(RECORDED INFORMATION Opens)

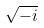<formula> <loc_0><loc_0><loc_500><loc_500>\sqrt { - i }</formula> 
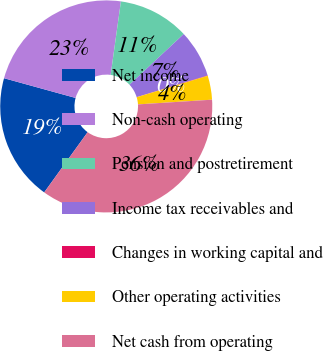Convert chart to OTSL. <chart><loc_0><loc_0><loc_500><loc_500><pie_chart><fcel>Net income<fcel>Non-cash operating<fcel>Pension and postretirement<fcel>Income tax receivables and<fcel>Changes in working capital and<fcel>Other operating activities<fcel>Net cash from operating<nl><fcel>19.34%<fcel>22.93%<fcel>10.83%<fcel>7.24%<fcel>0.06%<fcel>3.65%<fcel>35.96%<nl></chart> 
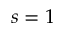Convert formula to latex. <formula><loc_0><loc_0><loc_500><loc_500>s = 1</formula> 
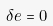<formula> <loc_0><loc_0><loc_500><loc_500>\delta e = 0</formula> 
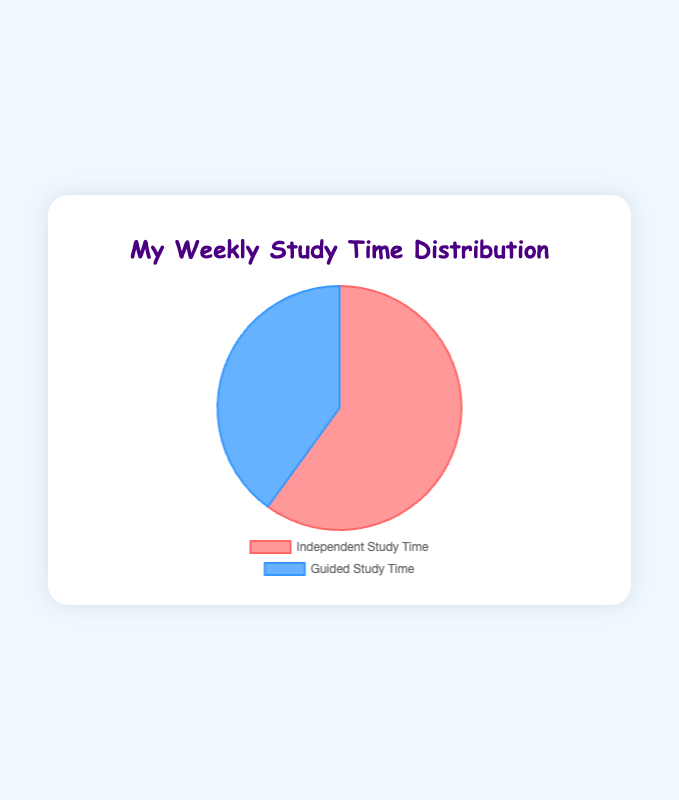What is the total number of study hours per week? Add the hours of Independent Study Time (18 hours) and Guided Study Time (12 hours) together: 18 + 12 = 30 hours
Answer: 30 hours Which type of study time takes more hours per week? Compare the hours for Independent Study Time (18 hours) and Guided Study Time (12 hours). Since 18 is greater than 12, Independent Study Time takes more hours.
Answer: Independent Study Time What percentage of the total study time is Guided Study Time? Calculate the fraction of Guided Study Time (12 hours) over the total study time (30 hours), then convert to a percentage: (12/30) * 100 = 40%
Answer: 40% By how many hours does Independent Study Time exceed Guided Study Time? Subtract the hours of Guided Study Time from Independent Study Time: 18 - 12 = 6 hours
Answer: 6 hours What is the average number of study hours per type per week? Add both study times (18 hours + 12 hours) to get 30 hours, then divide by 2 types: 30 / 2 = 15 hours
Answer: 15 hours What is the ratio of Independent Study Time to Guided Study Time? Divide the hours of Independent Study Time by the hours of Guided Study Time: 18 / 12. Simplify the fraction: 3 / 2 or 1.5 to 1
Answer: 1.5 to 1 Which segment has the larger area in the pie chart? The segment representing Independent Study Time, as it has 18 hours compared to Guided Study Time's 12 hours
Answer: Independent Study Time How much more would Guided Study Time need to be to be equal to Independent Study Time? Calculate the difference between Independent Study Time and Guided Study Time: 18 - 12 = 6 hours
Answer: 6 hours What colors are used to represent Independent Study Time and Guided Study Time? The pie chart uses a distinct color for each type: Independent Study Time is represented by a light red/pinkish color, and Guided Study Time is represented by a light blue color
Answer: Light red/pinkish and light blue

(RECORDED INFORMATION Closes)
(RECORDED INFORMATION Opens)

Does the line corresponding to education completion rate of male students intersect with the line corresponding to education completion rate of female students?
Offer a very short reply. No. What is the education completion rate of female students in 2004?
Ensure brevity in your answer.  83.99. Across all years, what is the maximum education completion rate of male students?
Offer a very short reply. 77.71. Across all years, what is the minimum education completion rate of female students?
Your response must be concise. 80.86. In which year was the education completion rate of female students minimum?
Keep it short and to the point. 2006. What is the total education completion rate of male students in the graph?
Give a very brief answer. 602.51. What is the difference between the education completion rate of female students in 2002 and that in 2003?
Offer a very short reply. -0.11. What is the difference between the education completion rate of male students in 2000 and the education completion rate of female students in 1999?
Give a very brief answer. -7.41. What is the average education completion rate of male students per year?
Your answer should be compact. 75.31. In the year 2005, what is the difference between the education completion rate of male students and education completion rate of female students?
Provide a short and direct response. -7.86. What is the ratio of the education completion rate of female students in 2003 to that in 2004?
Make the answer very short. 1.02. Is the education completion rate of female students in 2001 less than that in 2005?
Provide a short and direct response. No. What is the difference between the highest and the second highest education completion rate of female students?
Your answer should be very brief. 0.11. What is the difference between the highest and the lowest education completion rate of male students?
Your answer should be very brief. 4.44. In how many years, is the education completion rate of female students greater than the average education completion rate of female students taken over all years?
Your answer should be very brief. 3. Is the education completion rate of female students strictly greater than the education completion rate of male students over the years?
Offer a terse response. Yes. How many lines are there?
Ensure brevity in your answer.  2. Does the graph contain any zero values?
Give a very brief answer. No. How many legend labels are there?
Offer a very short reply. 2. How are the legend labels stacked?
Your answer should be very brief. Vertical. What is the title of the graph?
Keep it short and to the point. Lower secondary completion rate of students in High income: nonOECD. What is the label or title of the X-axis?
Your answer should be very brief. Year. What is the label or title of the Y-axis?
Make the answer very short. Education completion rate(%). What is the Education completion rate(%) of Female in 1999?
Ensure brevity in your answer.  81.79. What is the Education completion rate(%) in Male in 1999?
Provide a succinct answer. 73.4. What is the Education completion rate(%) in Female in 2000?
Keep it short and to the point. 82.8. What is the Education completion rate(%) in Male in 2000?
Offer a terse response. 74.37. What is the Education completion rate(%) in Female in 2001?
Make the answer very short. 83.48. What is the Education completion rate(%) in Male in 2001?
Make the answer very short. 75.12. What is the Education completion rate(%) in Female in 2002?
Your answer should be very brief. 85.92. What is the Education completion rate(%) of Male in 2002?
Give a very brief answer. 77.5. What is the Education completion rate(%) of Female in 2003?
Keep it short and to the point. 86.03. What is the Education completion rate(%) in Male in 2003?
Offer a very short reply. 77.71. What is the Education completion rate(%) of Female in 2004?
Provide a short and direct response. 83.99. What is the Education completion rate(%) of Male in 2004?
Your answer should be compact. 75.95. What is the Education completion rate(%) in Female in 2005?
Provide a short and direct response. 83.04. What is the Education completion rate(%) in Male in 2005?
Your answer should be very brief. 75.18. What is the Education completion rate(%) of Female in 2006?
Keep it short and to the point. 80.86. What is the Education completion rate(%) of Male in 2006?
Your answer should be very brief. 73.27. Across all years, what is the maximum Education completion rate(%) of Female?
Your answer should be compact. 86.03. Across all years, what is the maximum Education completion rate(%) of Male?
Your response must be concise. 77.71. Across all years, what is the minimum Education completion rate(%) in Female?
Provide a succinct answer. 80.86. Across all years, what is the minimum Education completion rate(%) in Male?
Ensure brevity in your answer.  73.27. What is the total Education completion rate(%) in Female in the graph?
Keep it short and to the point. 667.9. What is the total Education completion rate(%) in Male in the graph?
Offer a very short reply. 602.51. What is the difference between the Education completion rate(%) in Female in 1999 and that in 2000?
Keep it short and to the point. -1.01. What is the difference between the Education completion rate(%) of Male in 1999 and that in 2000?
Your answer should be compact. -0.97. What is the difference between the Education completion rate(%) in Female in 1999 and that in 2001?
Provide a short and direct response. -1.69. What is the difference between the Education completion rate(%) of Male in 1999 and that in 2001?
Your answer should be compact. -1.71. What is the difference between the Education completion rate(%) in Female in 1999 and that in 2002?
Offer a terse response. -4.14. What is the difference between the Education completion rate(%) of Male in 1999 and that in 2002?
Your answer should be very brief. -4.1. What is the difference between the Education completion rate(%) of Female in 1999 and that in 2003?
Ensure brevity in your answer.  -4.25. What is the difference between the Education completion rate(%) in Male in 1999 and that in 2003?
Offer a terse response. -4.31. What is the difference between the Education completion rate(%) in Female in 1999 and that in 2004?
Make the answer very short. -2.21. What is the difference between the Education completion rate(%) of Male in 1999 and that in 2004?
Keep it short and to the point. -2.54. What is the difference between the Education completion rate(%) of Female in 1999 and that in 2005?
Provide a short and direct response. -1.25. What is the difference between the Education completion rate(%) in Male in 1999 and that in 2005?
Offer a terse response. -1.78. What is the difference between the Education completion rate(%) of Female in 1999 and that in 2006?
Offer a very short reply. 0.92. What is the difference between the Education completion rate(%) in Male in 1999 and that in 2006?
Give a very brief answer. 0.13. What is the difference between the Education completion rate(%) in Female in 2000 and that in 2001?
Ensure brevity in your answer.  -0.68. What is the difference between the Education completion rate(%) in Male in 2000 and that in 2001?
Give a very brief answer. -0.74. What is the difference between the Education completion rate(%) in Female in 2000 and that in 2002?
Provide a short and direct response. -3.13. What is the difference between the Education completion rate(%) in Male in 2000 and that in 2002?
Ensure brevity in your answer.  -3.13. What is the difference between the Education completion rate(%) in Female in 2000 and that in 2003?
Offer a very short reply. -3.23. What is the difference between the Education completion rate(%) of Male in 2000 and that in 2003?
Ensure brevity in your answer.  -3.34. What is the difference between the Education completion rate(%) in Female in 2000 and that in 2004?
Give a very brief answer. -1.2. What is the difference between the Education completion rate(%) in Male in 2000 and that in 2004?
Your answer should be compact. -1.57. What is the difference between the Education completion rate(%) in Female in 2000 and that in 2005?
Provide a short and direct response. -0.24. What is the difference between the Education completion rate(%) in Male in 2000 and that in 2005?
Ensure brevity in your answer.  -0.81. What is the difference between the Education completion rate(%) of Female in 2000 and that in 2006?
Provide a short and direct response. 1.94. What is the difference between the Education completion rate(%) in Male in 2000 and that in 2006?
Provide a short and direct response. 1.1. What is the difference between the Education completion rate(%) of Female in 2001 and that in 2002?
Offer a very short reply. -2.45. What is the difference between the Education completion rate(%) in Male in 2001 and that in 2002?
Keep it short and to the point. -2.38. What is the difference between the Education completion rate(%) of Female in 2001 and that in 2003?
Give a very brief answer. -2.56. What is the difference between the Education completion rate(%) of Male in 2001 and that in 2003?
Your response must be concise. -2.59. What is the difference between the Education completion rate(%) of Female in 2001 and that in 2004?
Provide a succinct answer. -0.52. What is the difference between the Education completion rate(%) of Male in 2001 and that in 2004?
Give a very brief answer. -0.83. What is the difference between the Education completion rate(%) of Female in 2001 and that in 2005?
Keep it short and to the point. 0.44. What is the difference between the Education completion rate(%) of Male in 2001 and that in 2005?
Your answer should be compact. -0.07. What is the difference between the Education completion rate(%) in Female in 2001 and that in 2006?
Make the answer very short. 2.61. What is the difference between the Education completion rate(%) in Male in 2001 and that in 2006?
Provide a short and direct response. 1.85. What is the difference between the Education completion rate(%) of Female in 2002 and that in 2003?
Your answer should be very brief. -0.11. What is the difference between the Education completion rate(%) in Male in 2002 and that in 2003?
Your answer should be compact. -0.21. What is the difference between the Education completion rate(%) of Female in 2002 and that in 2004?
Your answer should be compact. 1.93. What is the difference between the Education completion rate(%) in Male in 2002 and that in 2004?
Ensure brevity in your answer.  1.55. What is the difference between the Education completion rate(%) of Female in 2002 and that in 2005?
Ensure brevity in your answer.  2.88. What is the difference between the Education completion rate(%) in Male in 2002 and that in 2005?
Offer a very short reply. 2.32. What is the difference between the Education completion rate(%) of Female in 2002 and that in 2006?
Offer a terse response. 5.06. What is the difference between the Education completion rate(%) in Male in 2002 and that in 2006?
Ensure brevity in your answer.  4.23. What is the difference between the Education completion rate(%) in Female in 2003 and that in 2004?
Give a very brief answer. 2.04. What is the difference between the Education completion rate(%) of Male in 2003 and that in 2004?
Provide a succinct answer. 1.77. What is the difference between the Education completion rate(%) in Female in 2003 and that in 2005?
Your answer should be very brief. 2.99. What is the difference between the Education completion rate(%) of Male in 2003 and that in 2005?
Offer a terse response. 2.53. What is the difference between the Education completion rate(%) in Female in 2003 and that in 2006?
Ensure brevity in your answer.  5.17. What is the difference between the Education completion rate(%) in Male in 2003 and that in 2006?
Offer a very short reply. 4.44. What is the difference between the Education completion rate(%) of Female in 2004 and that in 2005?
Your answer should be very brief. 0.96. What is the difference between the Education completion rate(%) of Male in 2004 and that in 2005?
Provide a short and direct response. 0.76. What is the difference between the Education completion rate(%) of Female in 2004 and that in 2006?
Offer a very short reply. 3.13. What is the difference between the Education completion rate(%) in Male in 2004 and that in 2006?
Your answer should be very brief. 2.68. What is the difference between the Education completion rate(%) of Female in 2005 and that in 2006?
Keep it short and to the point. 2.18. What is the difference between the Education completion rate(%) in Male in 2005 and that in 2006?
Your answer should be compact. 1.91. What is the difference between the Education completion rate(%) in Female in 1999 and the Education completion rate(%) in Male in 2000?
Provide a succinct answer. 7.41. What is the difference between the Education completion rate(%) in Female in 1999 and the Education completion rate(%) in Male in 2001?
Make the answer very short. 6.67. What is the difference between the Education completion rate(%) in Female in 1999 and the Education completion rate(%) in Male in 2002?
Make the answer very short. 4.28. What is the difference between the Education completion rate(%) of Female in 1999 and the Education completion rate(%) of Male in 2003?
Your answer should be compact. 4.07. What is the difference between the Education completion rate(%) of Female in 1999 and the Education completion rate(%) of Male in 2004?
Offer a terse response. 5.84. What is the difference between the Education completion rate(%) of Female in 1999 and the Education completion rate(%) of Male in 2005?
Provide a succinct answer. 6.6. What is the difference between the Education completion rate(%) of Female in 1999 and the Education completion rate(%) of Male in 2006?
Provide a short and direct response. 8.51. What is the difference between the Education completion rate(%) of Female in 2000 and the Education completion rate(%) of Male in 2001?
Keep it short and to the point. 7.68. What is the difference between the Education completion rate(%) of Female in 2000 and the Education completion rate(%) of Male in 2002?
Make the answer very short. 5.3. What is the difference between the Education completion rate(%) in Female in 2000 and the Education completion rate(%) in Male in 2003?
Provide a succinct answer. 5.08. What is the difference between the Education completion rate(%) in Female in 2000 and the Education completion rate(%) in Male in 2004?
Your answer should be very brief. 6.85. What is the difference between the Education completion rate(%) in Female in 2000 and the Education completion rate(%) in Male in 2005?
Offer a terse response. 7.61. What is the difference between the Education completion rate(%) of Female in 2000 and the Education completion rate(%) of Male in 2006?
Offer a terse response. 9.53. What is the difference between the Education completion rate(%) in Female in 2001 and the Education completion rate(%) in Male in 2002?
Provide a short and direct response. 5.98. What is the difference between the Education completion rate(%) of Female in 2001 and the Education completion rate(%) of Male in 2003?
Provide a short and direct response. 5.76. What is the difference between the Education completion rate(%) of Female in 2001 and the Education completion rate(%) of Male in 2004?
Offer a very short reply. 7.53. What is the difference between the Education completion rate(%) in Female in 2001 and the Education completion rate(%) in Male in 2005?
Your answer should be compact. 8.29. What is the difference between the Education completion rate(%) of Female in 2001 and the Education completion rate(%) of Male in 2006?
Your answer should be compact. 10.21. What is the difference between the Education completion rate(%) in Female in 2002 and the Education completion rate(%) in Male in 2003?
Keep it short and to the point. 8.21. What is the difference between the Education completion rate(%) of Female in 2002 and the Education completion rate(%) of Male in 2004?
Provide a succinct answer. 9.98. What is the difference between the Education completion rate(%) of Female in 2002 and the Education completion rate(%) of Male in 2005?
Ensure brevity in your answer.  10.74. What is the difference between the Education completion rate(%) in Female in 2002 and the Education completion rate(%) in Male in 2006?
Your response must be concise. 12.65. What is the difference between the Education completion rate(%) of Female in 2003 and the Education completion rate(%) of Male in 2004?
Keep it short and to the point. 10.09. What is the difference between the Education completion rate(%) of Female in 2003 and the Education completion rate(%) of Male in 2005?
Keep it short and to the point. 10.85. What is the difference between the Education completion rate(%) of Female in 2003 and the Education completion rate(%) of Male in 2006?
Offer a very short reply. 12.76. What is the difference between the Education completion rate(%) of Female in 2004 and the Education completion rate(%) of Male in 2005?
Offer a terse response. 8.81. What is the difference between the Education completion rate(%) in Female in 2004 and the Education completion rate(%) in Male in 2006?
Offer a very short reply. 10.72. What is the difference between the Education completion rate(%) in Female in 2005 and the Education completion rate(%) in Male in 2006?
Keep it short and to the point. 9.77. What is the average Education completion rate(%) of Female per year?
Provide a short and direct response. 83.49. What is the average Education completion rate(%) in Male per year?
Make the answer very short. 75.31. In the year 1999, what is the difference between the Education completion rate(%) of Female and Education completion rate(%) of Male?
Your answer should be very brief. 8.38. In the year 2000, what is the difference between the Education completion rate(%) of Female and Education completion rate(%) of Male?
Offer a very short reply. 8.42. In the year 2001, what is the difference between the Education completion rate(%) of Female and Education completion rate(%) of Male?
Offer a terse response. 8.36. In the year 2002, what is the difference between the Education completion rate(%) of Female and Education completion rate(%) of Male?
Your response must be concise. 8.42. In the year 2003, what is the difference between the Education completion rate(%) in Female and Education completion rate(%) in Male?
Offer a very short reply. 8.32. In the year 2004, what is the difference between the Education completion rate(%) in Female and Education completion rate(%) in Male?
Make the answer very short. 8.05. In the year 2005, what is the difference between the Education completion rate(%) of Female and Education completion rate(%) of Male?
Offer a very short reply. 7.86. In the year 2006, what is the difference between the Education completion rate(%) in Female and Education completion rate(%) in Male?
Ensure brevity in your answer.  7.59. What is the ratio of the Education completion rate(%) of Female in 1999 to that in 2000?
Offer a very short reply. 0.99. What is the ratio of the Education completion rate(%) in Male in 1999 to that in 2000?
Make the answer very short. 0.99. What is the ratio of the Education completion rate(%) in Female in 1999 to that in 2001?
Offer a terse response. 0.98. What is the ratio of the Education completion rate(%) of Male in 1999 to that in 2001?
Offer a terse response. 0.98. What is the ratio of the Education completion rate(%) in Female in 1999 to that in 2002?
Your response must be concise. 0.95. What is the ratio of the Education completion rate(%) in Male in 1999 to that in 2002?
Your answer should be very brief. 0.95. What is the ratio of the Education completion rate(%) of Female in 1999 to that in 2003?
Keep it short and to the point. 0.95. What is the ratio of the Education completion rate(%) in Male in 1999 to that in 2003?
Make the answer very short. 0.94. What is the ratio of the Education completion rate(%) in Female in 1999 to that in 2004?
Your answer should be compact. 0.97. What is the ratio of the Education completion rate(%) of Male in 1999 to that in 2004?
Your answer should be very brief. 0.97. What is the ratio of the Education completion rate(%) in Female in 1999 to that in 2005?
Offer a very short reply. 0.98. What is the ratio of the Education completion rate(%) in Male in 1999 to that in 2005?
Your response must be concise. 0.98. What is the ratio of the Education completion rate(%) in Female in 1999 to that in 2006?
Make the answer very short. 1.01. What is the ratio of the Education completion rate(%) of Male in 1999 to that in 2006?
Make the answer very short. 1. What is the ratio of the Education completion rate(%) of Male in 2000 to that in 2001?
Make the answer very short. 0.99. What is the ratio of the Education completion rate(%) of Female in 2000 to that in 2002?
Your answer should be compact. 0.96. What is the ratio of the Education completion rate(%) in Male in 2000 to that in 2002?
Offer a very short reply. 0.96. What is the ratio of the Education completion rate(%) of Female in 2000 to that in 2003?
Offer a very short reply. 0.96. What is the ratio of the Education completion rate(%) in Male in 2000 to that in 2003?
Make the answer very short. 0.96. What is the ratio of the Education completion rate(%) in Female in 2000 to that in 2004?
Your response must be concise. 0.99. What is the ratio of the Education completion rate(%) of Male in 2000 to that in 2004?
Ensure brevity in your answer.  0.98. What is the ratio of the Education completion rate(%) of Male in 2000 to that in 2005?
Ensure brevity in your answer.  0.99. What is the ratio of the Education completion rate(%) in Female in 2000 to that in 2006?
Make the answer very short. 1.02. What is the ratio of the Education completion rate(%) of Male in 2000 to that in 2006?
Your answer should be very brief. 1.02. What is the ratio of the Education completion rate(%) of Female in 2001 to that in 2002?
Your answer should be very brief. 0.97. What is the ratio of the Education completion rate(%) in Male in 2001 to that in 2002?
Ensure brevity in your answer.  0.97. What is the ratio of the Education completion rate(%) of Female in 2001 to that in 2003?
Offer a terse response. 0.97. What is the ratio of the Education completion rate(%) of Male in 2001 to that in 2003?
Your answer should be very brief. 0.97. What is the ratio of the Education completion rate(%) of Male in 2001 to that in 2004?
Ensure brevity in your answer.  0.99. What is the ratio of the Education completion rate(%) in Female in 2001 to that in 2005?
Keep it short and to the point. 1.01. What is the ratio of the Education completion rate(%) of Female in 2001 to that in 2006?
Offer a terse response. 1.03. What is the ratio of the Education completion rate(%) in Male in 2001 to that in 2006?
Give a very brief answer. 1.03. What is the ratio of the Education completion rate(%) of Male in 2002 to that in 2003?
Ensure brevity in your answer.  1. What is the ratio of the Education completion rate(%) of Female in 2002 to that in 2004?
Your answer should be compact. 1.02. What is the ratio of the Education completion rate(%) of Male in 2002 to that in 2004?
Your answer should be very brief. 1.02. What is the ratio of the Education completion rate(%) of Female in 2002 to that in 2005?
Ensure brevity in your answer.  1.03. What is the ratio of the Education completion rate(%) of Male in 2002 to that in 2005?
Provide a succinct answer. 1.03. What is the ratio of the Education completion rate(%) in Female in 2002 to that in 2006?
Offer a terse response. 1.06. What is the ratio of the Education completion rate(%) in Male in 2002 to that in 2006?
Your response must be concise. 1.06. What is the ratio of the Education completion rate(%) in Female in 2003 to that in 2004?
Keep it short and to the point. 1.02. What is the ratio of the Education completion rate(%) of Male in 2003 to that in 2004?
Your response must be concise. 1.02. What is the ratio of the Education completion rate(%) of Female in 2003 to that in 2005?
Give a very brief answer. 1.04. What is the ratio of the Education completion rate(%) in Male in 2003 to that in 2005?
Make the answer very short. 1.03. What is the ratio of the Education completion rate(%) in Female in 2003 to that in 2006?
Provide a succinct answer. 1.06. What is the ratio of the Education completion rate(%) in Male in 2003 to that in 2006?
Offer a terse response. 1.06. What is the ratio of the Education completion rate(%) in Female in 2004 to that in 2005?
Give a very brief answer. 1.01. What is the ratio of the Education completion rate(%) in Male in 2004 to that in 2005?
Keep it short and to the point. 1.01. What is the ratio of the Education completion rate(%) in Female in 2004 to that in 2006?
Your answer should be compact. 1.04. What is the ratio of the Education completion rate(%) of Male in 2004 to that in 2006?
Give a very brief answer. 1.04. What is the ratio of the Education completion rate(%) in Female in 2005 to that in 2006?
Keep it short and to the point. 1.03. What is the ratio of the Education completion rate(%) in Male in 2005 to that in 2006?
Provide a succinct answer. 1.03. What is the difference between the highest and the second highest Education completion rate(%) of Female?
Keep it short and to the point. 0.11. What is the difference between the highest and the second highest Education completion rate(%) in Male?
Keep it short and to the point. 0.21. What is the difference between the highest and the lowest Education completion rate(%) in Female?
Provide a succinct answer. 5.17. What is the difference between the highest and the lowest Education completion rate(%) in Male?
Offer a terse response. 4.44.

(RECORDED INFORMATION Closes)

= WHAT YOU WILL DO =
From the data above, work out how many lines contain the string "title" and reply with only the number.

= SOLUTION FOR THIS PROBLEM =
3